Research

Team Composition and Team Performance

When viewing teamwork, separate from team task work, one needs to consider the influencing conditions (context, composition, Culture) and the core processes / emerging states (cooperation, conflict, coordination, communication, coaching, culture; Dinh & Salas, 2017) These influencing conditions and core processes are presented in other posts in this webpage (influencing conditionscore processes). The focus here will be on team composition and its impact on team performance.

The core processes relate to internal team functioning while influencing conditions identify external forces (environmental) that influence team performance. Team composition, one of the influencing conditions, has been defined as “the attributes of team members, including skills. abilities, experiences, and personality characteristics (Dinh & Salas, 2017, p. 25; see also Guzzo & Dickson, 1996). Other literature defines team composition as the configuration of team members at the team level (Bell, Brown, Outland, & Abben, 2015). However, when the overall configuration involves multiteam systems (MTS), where a network of teams report to a management/command center team which reports to the organization, the configuration of team members becomes a complex process. Team composition should take into account each level within the current architecture: “team composers must consider each intact team, and the network and connecting persons between teams” (Vessey & Landon, 2017, p. 534).

When designing teams from the start it is necessary to identify; individual attributes (e.g., personality, demographics), what it means to be a good team member, identify the best configuration of team member knowledge, skills, and abilities (KSA), and the importance and role that diversity plays in the team (Bell et al., 2015; Dink & Salas, 2017).  When a team has already formed, which is the case for most people, “knowledge of how the team composition affects team functioning can be used to design organizational interventions (e.g., training, countermeasures) that can mitigate the risks associated with the team’s composition” (Bell et al., 2015, p. 6).

For teams that have already formed, or for new teams, the following critical team processes have been identified as being important to the team’s overall success and in meeting the overall organizational or multiteam system’s (MTS’s) goal; communication, conflict management, trust, and a shared understanding of task and goals (Bell et al., 2015).

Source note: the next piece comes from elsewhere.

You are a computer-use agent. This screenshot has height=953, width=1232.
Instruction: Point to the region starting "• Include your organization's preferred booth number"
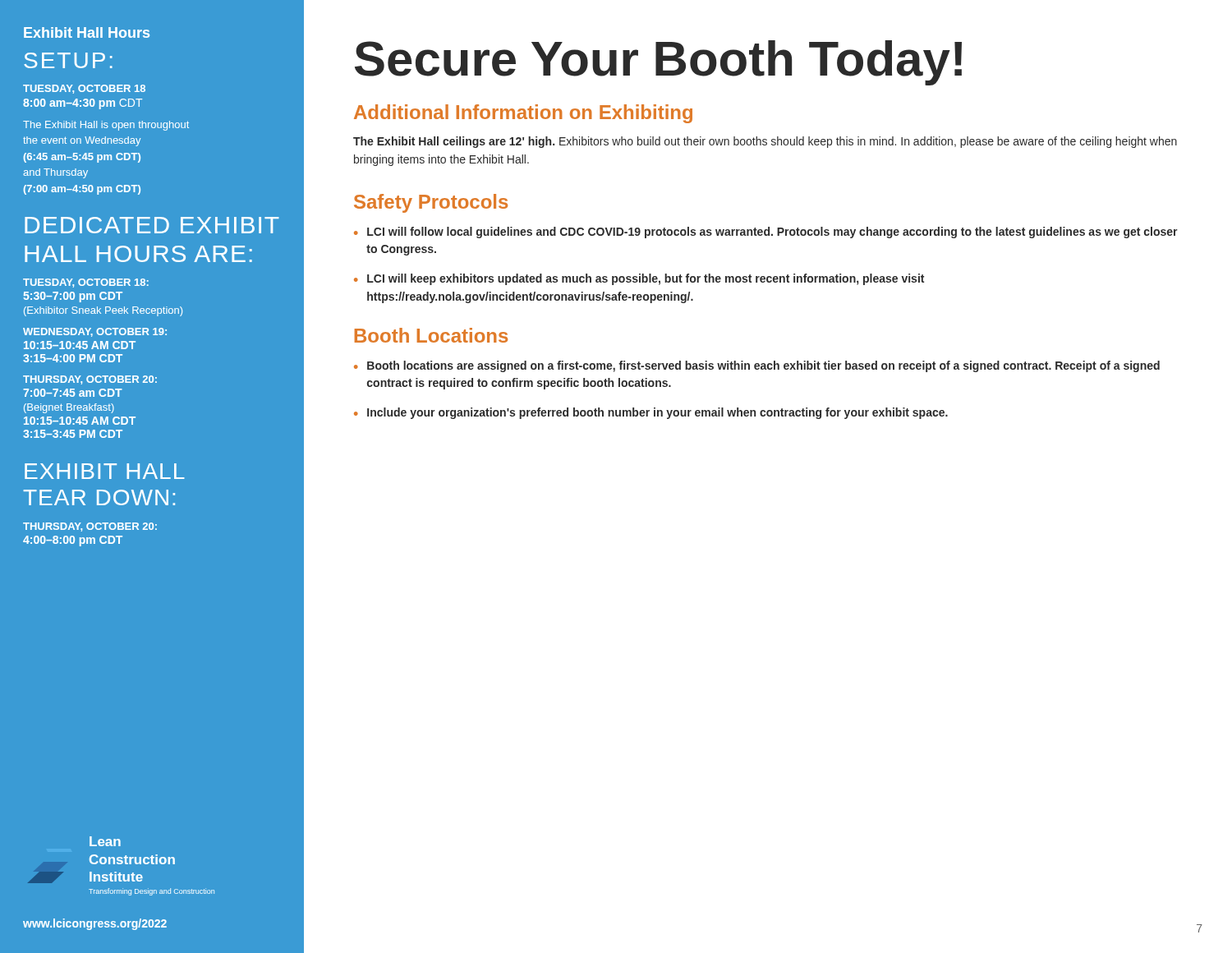coord(768,415)

Communication within the team, across teams (MTS), and between the team and MTS with the organization, must be maintained in all directions. When any one of these communication channels are interrupted misunderstanding occurs from either or all  parties (team member, team, MTS, organization), leading to a disruption of the overall team/MTS/organizations goal (Bell et al., 2015). Communication has been shown to support team cognitive processes and team behaviors, resulting in changes to team performance (Vessey & Landon, 2017).

Conflict management can affect all levels of analysis just as in communication (e.g., individual team member, team, MTS, organization). With this in mind, interpersonal conflict (relationship conflict) should be addressed before team formation, whereas efforts to reduce task conflict should be considered throughout. Task conflict is often a result of new procedures, unclear procedures, lack of resources, etc… Effective conflict management should be a part of the overall team functioning at each of the different levels (individual, team, MTS, organization; Bel et al., 2015).

Trust, as in communication and conflict management, must be obtained at all levels. Camaraderie building exercises can help along with team exercises and team member interactions away from work. Maintaining this trust is also a challenge, especially at all levels and when dealing with complex issues in a dynamic environment. Building high levels of psychological safety should be part of the long-term trust building routine as well and should involve all levels.

Last, having a shared understanding of the task and goal is critical, especially when team members are expected to operate independently as well as interdependently. Individual team members need to understand what their task is designed to achieve the team’s goal. Likewise, each team needs to clearly understand their tasks before completing the MTS’s goal, which in turn meets the organization’s goal. As the levels increase and become more complex, as in MTS, shared understanding becomes more critical to the overall success of the organization: “A shared understanding within the larger mission team was also noted as critical to success, particularly if a multi-team structure is used” (Bell et al., 2015, p. 33).

References

Bell, S. T., Brown, S. G., Outland, N. B., & Abben, D. R. (2015). Critical team composition issues for long-distance and long-duration space exploration: A literature review, and operational assessment and recommendations for practice and research (NASA/TN-2015-218568). Houston, TX: NASA.

Dinh, J. V., & Salas, E. (2017). Factors that influence teamwork. In E. Salas, R. Rico, & J. Passmore (Eds.), The Wiley Blackwell handbook of team working and collaborative processes (pp. 15-41). Malden, MA: John Wiley & Sons.

Guzzo, R. A., & Dickson, M. W. (1996). Teams in organizations: Recent research on performance and effectiveness. Annual Review of Psychology, 47, 307-338. Retrieved from https://www.annualreviews.org/journal/psych

Vessey, W. B., & Landon, L. B. (2017). Team performance in extreme environments. In E. Salas, R. Rico, & J. Passmore (Eds.), The Wiley Blackwell handbook of team working and collaborative processes (pp. 531-553). Malden, MA: John Wiley & Sons.